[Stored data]
========================================
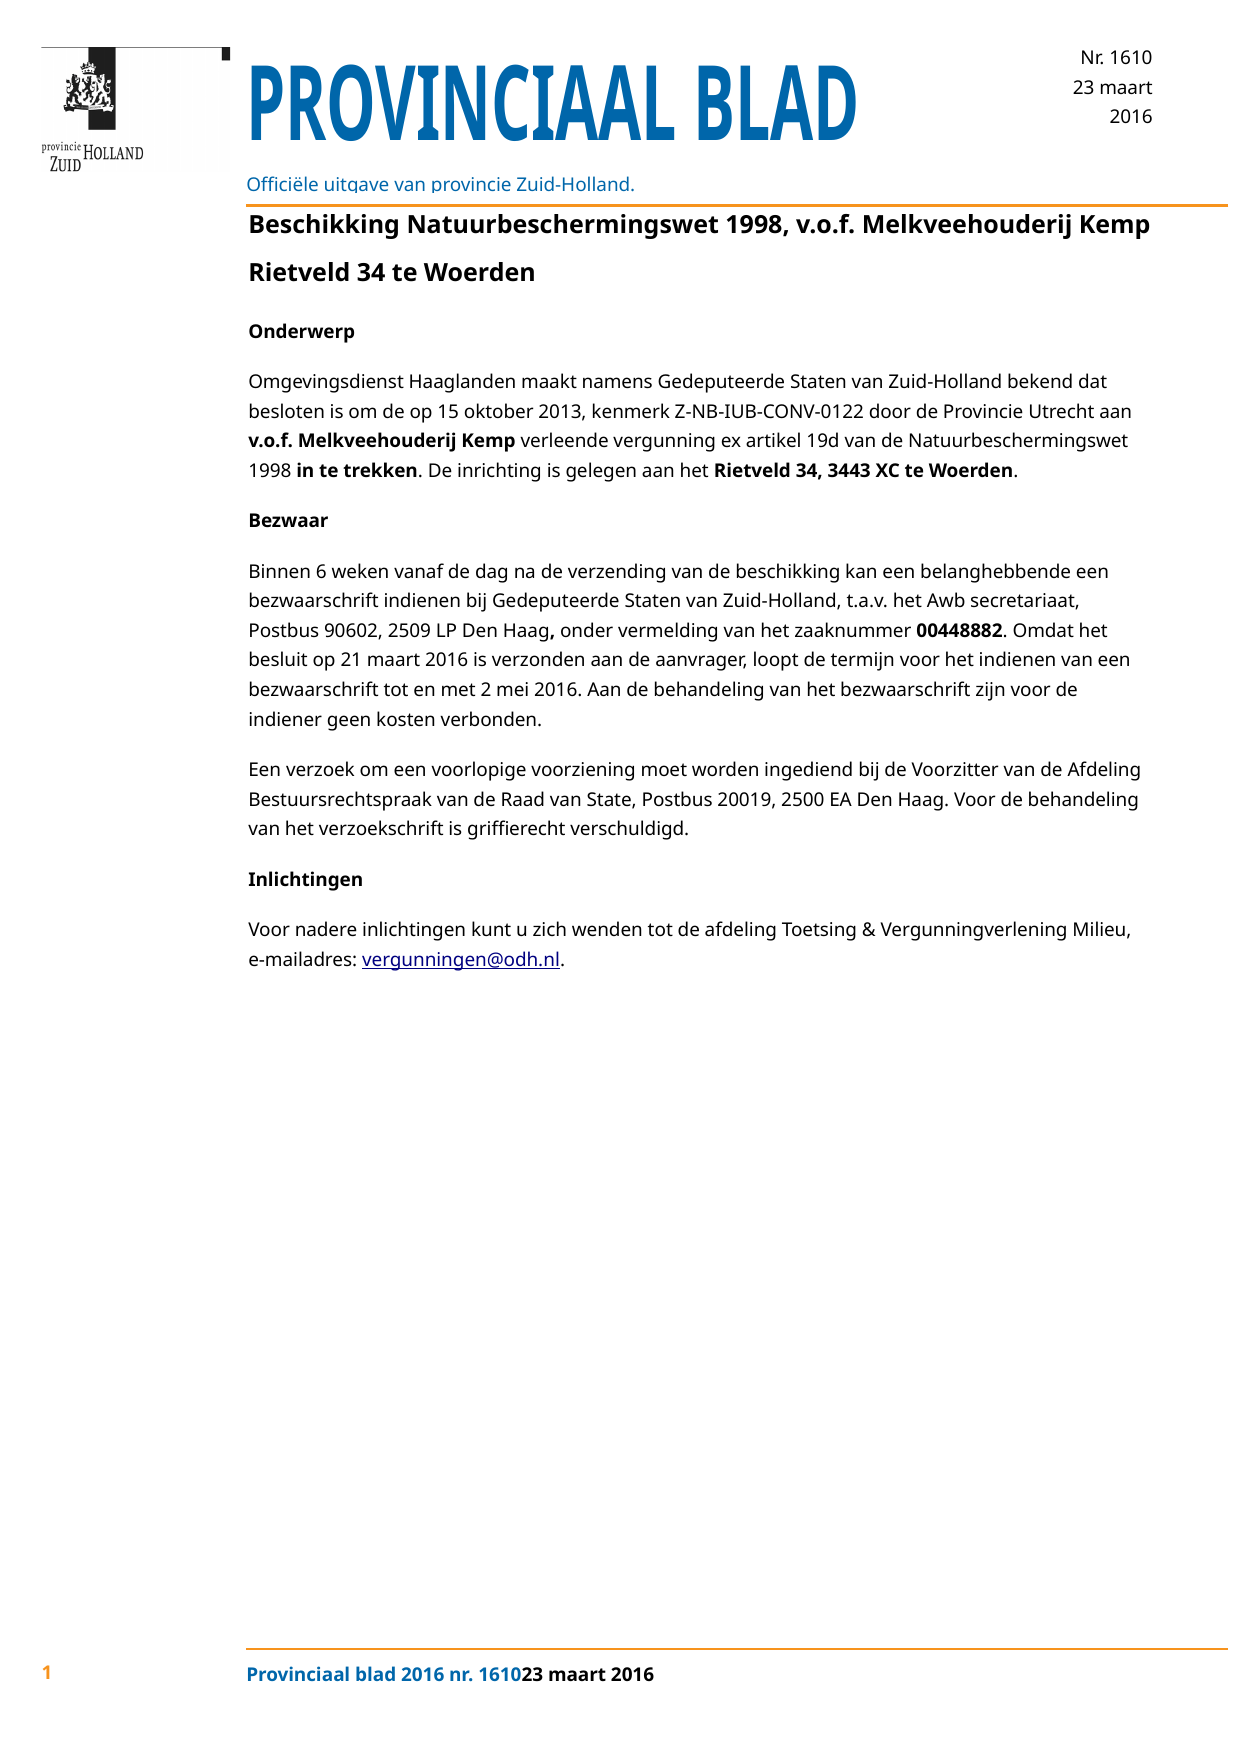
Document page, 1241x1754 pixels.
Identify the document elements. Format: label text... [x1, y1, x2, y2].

text Beschikking Natuurbeschermingswet 1998, v.o.f. Melkveehouderij Kemp Rietveld 34 te Woerden [248, 207, 1152, 288]
text Onderwerp [248, 318, 1152, 344]
text Binnen 6 weken vanaf de dag na de verzending van de beschikking kan een belanghebbende een bezwaarschrift indienen bij Gedeputeerde Staten van Zuid-Holland, t.a.v. het Awb secretariaat, Postbus 90602, 2509 LP Den Haag, onder vermelding van het zaaknummer 00448882. Omdat het besluit op 21 maart 2016 is verzonden aan de aanvrager, loopt de termijn voor het indienen van een bezwaarschrift tot en met 2 mei 2016. Aan de behandeling van het bezwaarschrift zijn voor de indiener geen kosten verbonden. [248, 558, 1152, 732]
text Voor nadere inlichtingen kunt u zich wenden tot de afdeling Toetsing & Vergunningverlening Milieu, e-mailadres: vergunningen@odh.nl. [248, 916, 1152, 972]
text Omgevingsdienst Haaglanden maakt namens Gedeputeerde Staten van Zuid-Holland bekend dat besloten is om de op 15 oktober 2013, kenmerk Z-NB-IUB-CONV-0122 door de Provincie Utrecht aan v.o.f. Melkveehouderij Kemp verleende vergunning ex artikel 19d van de Natuurbeschermingswet 1998 in te trekken. De inrichting is gelegen aan het Rietveld 34, 3443 XC te Woerden. [248, 368, 1152, 483]
text Inlichtingen [248, 866, 1152, 892]
text Bezwaar [248, 507, 1152, 533]
text Een verzoek om een voorlopige voorziening moet worden ingediend bij de Voorzitter van de Afdeling Bestuursrechtspraak van de Raad van State, Postbus 20019, 2500 EA Den Haag. Voor de behandeling van het verzoekschrift is griffierecht verschuldigd. [248, 756, 1152, 841]
picture [41, 47, 231, 172]
========================================
=== Exercise prompt ===
Return, word for word, the lines from the one containing "text Bezwaar [248, 507, 1152, 533]" through the end of the data above, both ends included, and nothing else.

=== Answer to this problem ===
text Bezwaar [248, 507, 1152, 533]
text Een verzoek om een voorlopige voorziening moet worden ingediend bij de Voorzitter van de Afdeling Bestuursrechtspraak van de Raad van State, Postbus 20019, 2500 EA Den Haag. Voor de behandeling van het verzoekschrift is griffierecht verschuldigd. [248, 756, 1152, 841]
picture [41, 47, 231, 172]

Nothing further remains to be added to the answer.